Here’s a step-by-step breakdown of a typical ACP interaction when an AI agent decides to use a Tool:

  1. Agent Identifies Need & Discovers Tool:

    • The AI Agent determines a need to perform an action or retrieve information (e.g., based on user input or its internal logic).
    • The Agent queries the ACP Registry to find a suitable Tool that can fulfill this need. The Registry provides the Tool’s schema (name, description, input/output parameters) and the identity of the Connector that exposes it.
  2. Agent Prepares ACP Request:

    • Using the Tool’s schema, the Agent constructs an ACP Request. This request is a standardized message typically containing:
      • toolName: The name of the Tool to be invoked.
      • parameters: A structured object (e.g., JSON) containing the input values required by the Tool.
      • context: Optional contextual information, such as user identity or session details, which might be necessary for the Connector or target system.
  3. Agent Sends Request to Connector:

    • The Agent sends the ACP Request to the specific Connector identified during the discovery phase.

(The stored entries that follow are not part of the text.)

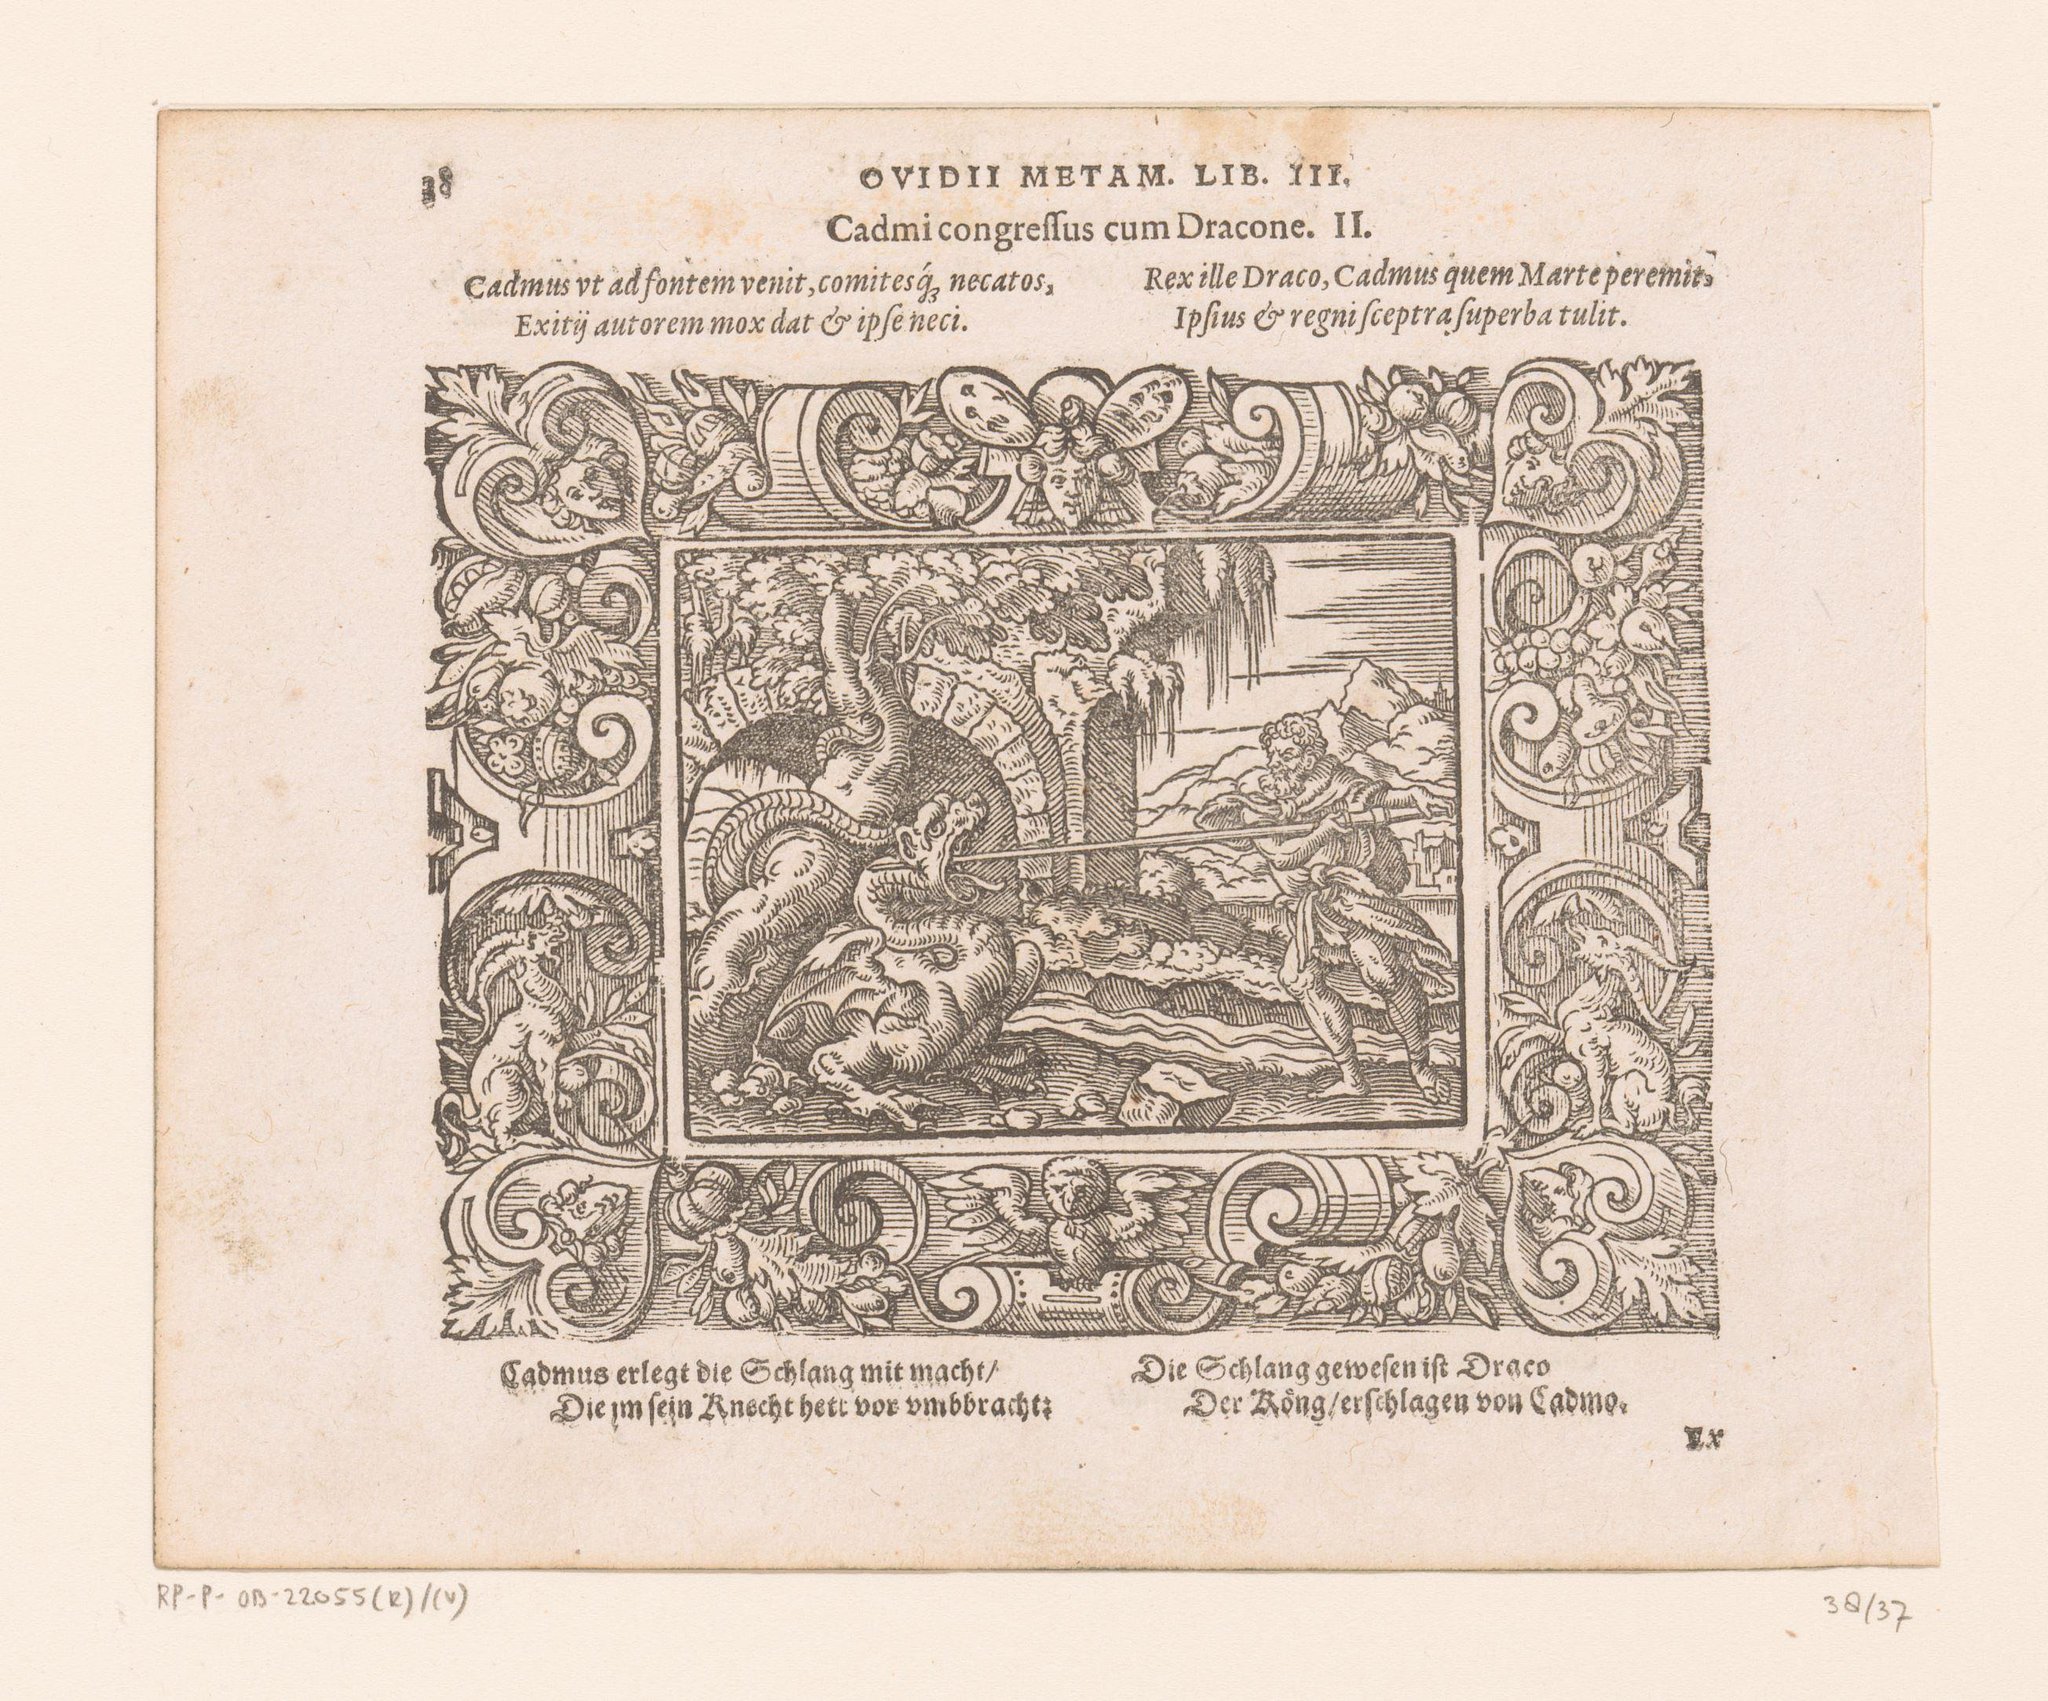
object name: book illustration
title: Cadmi congressus cum Dracone
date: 1569
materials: paper
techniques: letterpress printing
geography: frankfurt am main
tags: scrollwork, strapwork ~ ornament, cadmus slays the dragon
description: Illustratie bij de Metamorfosen van Ovidius, afkomstig uit de publicatie: Posthius, Johannes. Tetrasticha in Ovidii metam. Frankfurt am Main: Georg Rab en Sigmund Feyerabend en erven Weigand Han, 1569. De voorstellingen en ornamentranden van deze boekillustraties zijn van twee aparte blokken gedrukt. Beide werden afzonderlijk van elkaar ook gebruikt voor andere publicaties, en de ornamentranden werden eveneens binnen deze publicatie meerdere keren gebruikt.
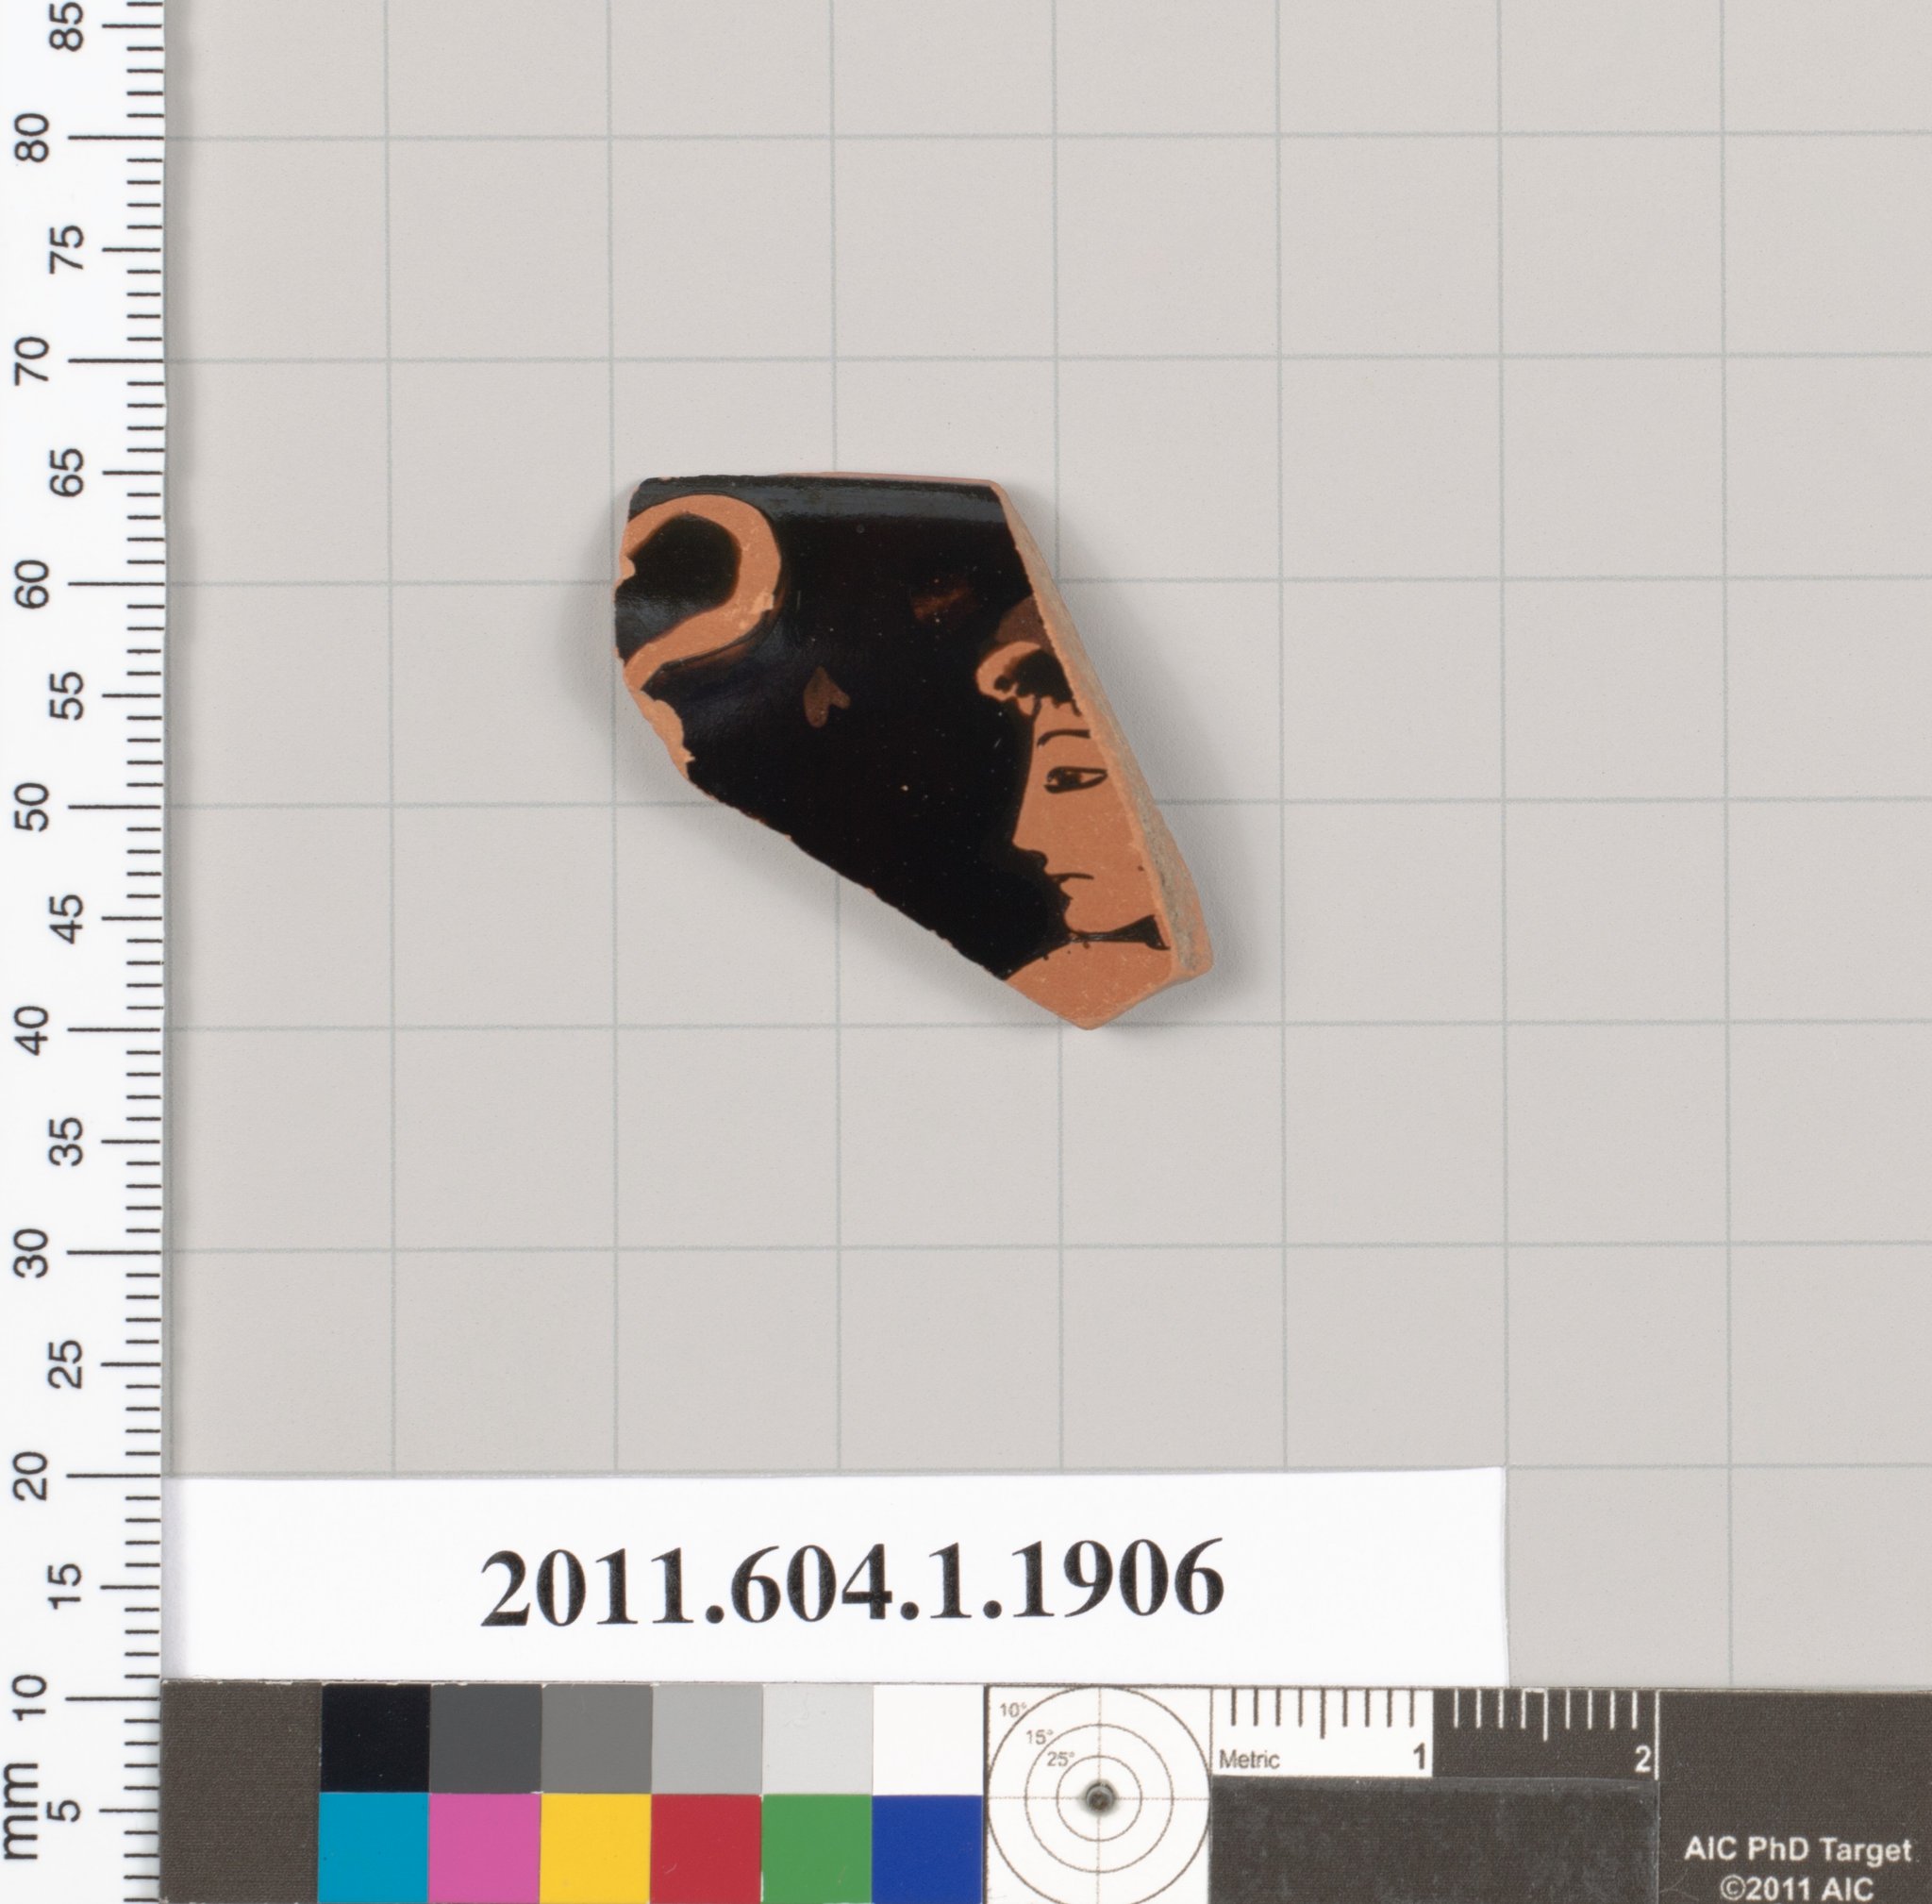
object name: kylix fragment
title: Terracotta rim fragment of a kylix (drinking cup)
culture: greek, attic
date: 534-501 BCE
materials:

The communication channel might vary (e.g., an HTTP call to a Connector’s endpoint).
  4. Connector Processes Request:

    • The Connector receives the ACP Request and performs several actions:
      • Validation: Checks if the request is well-formed and if all required parameters are present.
      • Authentication/Authorization (if applicable): Verifies the Agent’s credentials and permissions to use the Tool and access the target system. This might involve interacting with Salesforce’s Named Credentials or other identity services.
      • Translation: Maps the standardized ACP Request and its parameters into the specific format and protocol required by the target system’s API (e.g., a REST API call, a SOAP request, a database query).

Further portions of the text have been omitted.